Typically, you wouldn’t rely on your “gut sense”, or how you feel things are going. Instead, you would crunch the numbers on your balance sheet, calculate profits, and track important data points to determine your company’ performance.
Evaluating your supply chain should work the same way. To get the most accurate picture of your supply chain’s performance, you’ll need to rely on supply chain metrics. These metrics act as rulers, allowing you to measure the quality, efficiency, and ultimately success of your supply chain.
In this article, we’ll cover the most important supply chain metrics to track, as well as tips for improving your supply chain metrics over time.
What are supply chain metrics?
Supply chain metrics (also called supply chain key performance indicators, or KPIs) are the numbers, ratios, and parameters used to measure supply chain performance.
Supply chain metrics quantify different aspects of your supply chain, such as delivery and inventory movement, to provide insight into the efficiency and quality of those functions.
Why are supply chain metrics important?
Supply chain metrics are essential for measuring a company’s progress in achieving their goals. They provide visibility into key functions, and ensure that every part of the supply chain is monitored and running smoothly.
As such, tracking supply chain metrics can help a business easily identify areas in need of improvement or where supply chain efficiency could be enhanced. With a better understanding of their supply chain, businesses can be more proactive when facing challenges, and also increase their supply chain’s resilience and agility.
“ShipBob’s reporting is very robust and meets all of our needs. We get visibility into receiving, order volume, SKU availability – everything from inbounds and inventory transactions to individual order statuses (whether it’s on hold, in processing, an exception order, and other detailed descriptions). All this data is real-time, meaning that we’re always seeing the most accurate, up-to-date information. Having this real-time data is crucial for my team, so the fact that there’s not hours of lag time waiting for data to update is huge.”

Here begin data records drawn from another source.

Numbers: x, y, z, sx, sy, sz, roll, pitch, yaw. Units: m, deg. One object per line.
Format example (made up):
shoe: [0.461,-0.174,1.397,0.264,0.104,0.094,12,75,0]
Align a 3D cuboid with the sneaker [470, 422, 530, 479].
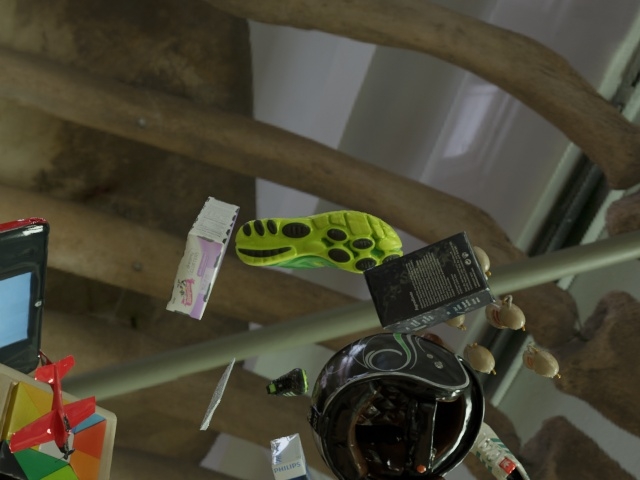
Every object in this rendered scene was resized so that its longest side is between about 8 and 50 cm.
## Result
sneaker: [0.298,0.362,1.261,0.161,0.057,0.075,50,-13,3]

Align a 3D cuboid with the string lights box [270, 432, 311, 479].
string lights box: [-0.054,0.617,1.799,0.133,0.076,0.260,-112,-172,-77]

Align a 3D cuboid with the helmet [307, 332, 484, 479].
helmet: [0.075,0.167,0.727,0.169,0.161,0.169,1,-85,10]

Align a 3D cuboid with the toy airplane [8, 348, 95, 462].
toy airplane: [-0.344,0.216,0.982,0.028,0.151,0.151,-6,-92,27]

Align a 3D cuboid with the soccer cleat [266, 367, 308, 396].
soccer cleat: [-0.077,0.334,1.719,0.179,0.072,0.060,134,-55,-64]

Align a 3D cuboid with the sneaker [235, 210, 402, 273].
sneaker: [0.000,0.000,1.334,0.295,0.123,0.109,4,-90,8]

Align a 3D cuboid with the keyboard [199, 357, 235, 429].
keyboard: [-0.203,0.302,1.496,0.256,0.014,0.072,-93,-151,-82]

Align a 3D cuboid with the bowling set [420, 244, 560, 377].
bowling set: [0.272,0.169,1.323,0.287,0.200,0.154,53,-1,5]

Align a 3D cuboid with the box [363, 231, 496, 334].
box: [0.163,0.069,1.101,0.158,0.156,0.093,-23,-107,10]

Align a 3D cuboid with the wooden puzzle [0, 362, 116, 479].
wooden puzzle: [-0.402,0.304,1.111,0.044,0.221,0.239,-42,-146,20]

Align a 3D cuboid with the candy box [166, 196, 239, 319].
candy box: [-0.222,0.030,1.428,0.196,0.070,0.165,-84,-166,-67]

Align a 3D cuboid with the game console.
game console: [-0.638,0.148,1.284,0.060,0.342,0.387,45,-47,31]

Ryan Steffenson, Senior Manager, Channel Operations at Tonies
Essential supply chain metrics & KPIs to track
There are plenty of supply chain KPIs that can help you understand your supply chain performance. While you may want to pay special attention to particular metrics depending on your business’s goals, there are some key metrics that almost every business cares about.
Here are the supply chain metrics that every ecommerce business needs to track.
On-time delivery
On-time delivery rate is the percentage of orders delivered on or before the original estimated delivery date.
In a world where customer satisfaction hinges on speedy delivery, this KPI lets you see how well you are meeting customers’ expectations.
The formula for measuring on-time delivery (OTD) is:
Formula: OTD = (On-time deliveries) / (Total deliveries) x 100
For example, let’s say that out of 600 orders that were delivered, only 450 were delivered before the promised delivery date. In this case, your on-time delivery rate would be:
OTD = 450/600 x 100 = 75%
In this example, the OTD is quite low. To satisfy and retain customers, strive to maintain at least a 95% OTD rate.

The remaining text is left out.